> **What you are asked to do**:
Restate the listing below word for word. No picture belongs in the result.

> **Input**:
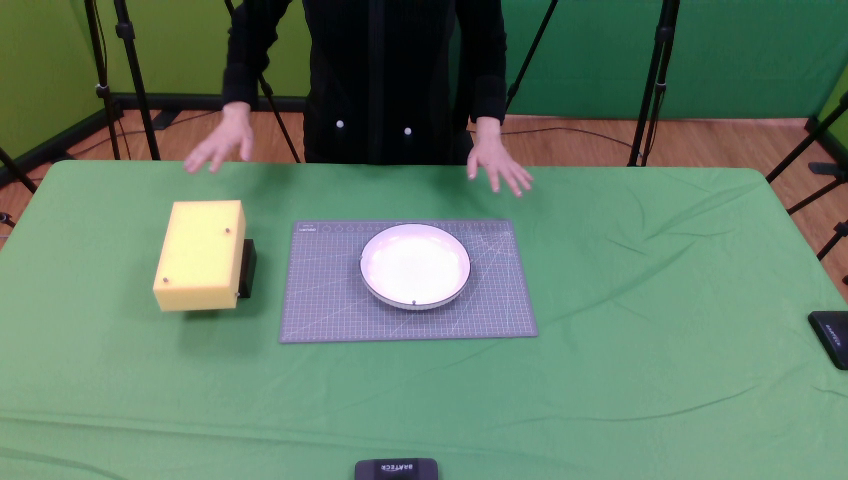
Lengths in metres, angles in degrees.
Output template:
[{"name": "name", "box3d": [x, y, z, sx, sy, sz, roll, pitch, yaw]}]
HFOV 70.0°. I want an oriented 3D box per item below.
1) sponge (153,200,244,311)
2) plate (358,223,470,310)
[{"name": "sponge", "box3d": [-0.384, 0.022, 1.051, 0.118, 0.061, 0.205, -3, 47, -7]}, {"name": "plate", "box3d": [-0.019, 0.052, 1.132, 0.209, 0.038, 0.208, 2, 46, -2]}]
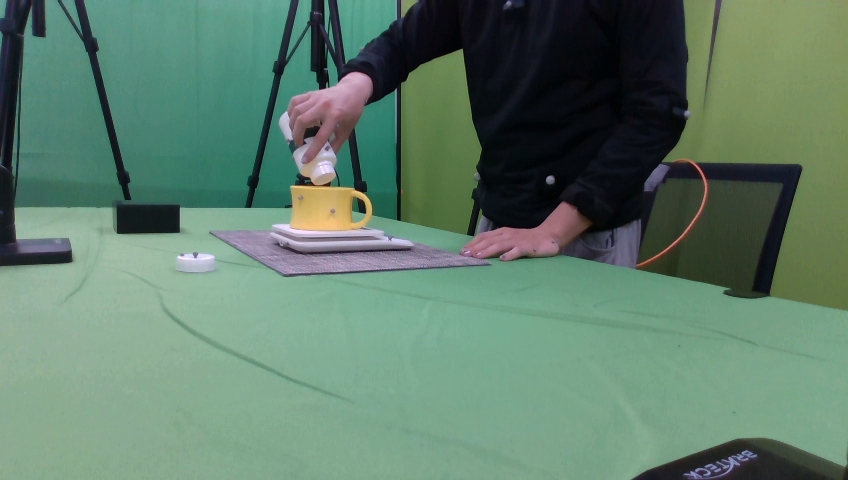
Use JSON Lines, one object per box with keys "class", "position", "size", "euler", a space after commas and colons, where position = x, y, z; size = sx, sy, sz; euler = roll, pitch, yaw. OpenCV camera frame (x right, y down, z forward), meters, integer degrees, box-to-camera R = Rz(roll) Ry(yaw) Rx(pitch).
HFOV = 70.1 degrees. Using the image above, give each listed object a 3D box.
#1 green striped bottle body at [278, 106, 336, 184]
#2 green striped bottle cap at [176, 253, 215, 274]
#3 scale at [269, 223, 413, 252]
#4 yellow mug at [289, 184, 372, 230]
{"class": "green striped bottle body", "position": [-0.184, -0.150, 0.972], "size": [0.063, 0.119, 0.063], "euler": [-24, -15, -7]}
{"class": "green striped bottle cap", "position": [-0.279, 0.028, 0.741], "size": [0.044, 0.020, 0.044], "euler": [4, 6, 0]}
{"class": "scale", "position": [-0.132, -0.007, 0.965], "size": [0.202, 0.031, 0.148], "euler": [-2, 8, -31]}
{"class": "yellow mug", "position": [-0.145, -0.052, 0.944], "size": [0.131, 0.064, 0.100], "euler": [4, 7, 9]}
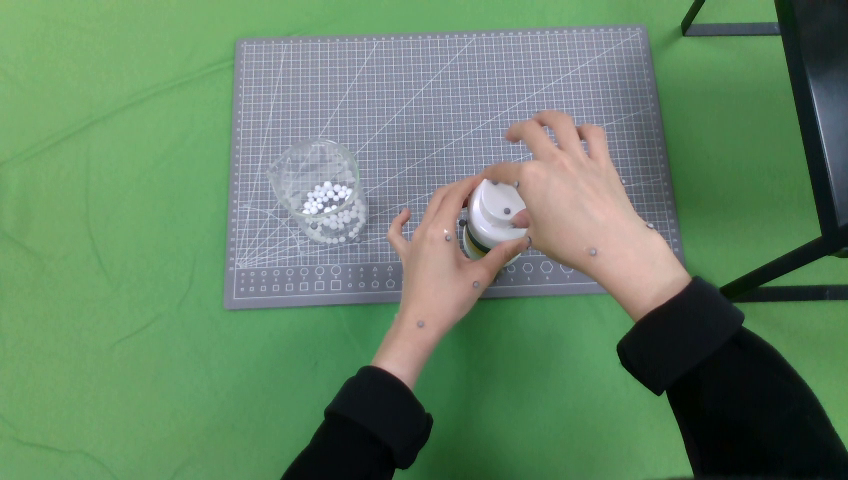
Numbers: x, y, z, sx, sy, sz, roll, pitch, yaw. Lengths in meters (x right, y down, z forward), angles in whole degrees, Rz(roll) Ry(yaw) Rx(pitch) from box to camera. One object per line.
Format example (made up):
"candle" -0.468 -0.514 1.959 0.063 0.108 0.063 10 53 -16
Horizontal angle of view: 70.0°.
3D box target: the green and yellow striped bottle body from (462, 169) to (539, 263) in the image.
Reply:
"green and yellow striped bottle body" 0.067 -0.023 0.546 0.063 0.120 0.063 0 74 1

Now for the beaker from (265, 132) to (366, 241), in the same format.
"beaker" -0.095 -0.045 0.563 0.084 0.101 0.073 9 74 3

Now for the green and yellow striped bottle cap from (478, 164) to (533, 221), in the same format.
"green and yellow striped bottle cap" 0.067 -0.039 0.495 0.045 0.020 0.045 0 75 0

> **Response box**:
Lengths in metres, angles in degrees.
Output template:
[{"name": "name", "box3d": [x, y, z, sx, sy, sz, roll, pitch, yaw]}]
HFOV 70.0°. I want an oriented 3D box per item below.
1) sponge (153,200,244,311)
2) plate (358,223,470,310)
[{"name": "sponge", "box3d": [-0.384, 0.022, 1.051, 0.118, 0.061, 0.205, -3, 47, -7]}, {"name": "plate", "box3d": [-0.019, 0.052, 1.132, 0.209, 0.038, 0.208, 2, 46, -2]}]
Use JSON Lines, one object per box with keys "class", "position", "size", "euler", a space after commas and colons, where position = x, y, z; size = sx, sy, sz; euler = roll, pitch, yaw. OpenCV camera frame (x right, y down, z forward), meters, integer degrees, box-to-camera R = Rz(roll) Ry(yaw) Rx(pitch).
HFOV = 70.1 degrees. Using the image above, give each listed object a 3D box.
#1 green striped bottle body at [278, 106, 336, 184]
#2 green striped bottle cap at [176, 253, 215, 274]
#3 scale at [269, 223, 413, 252]
#4 yellow mug at [289, 184, 372, 230]
{"class": "green striped bottle body", "position": [-0.184, -0.150, 0.972], "size": [0.063, 0.119, 0.063], "euler": [-24, -15, -7]}
{"class": "green striped bottle cap", "position": [-0.279, 0.028, 0.741], "size": [0.044, 0.020, 0.044], "euler": [4, 6, 0]}
{"class": "scale", "position": [-0.132, -0.007, 0.965], "size": [0.202, 0.031, 0.148], "euler": [-2, 8, -31]}
{"class": "yellow mug", "position": [-0.145, -0.052, 0.944], "size": [0.131, 0.064, 0.100], "euler": [4, 7, 9]}
Numbers: x, y, z, sx, sy, sz, roll, pitch, yaw. Lengths in meters (x right, y down, z forward), angles in whole degrees, Rz(roll) Ry(yaw) Rx(pitch) from box to camera. One object per line.
Format example (made up):
"candle" -0.468 -0.514 1.959 0.063 0.108 0.063 10 53 -16
Horizontal angle of view: 70.0°.
3D box target: the green and yellow striped bottle body from (462, 169) to (539, 263) in the image.
Reply:
"green and yellow striped bottle body" 0.067 -0.023 0.546 0.063 0.120 0.063 0 74 1

Now for the beaker from (265, 132) to (366, 241), in the same format.
"beaker" -0.095 -0.045 0.563 0.084 0.101 0.073 9 74 3

Now for the green and yellow striped bottle cap from (478, 164) to (533, 221), in the same format.
"green and yellow striped bottle cap" 0.067 -0.039 0.495 0.045 0.020 0.045 0 75 0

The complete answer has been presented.